Task item: Each line of the material must be repeated precisely, with the pictures left out.

Provided entries:
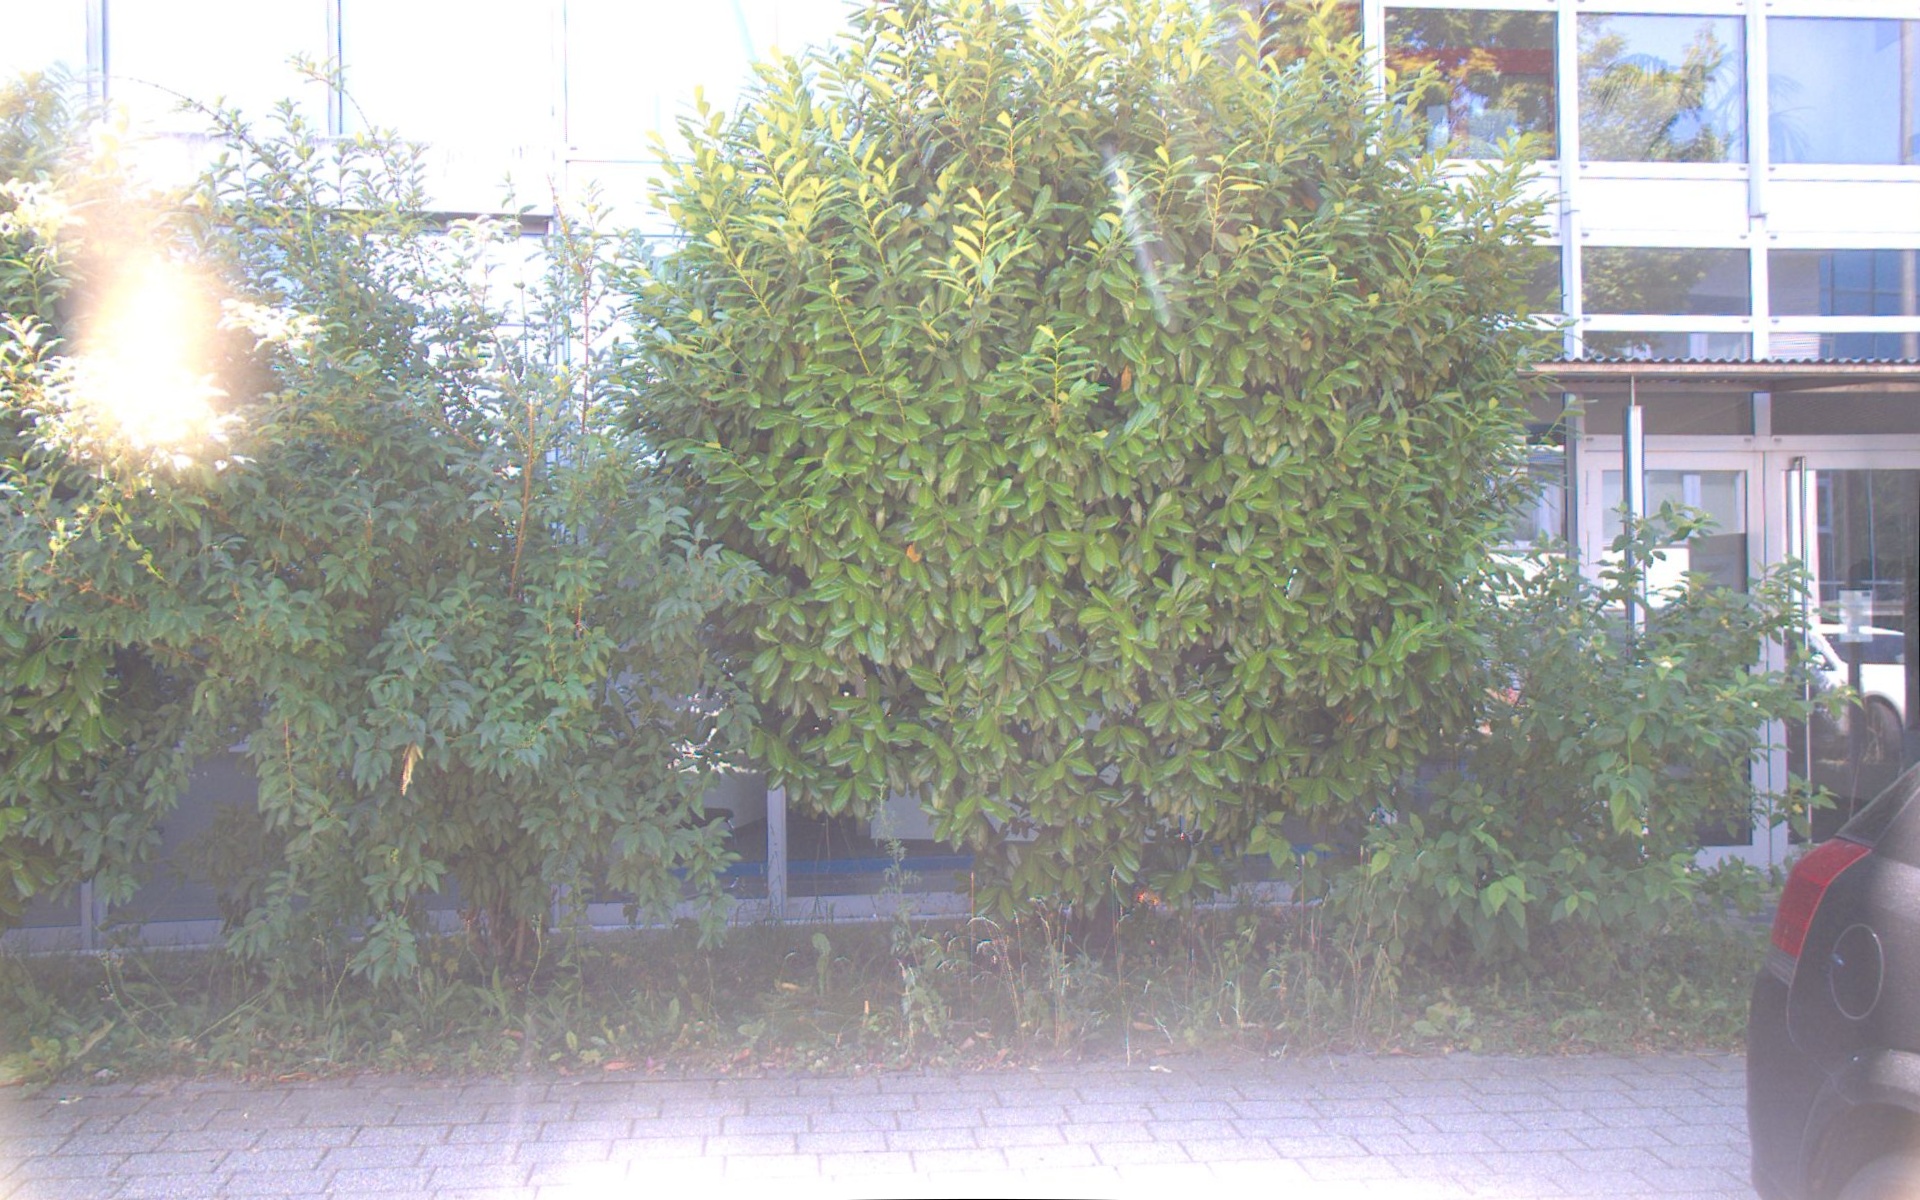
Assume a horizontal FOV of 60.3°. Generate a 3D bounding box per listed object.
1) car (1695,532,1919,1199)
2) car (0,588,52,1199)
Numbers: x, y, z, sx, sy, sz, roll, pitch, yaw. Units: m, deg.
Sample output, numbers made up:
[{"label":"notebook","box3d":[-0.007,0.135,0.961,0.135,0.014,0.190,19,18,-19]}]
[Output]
[{"label":"car","box3d":[2.508,0.683,1.124,1.723,1.576,4.561,0,0,-4]},{"label":"car","box3d":[-2.298,0.730,0.993,1.687,1.505,4.339,0,0,-9]}]

Response area:
Assume a horizontal FOV of 60.3°. Generate a 3D bounding box per listed object.
1) car (1695,532,1919,1199)
2) car (0,588,52,1199)
Numbers: x, y, z, sx, sy, sz, roll, pitch, yaw. Units: m, deg.
Sample output, numbers made up:
[{"label":"notebook","box3d":[-0.007,0.135,0.961,0.135,0.014,0.190,19,18,-19]}]
[Output]
[{"label":"car","box3d":[2.508,0.683,1.124,1.723,1.576,4.561,0,0,-4]},{"label":"car","box3d":[-2.298,0.730,0.993,1.687,1.505,4.339,0,0,-9]}]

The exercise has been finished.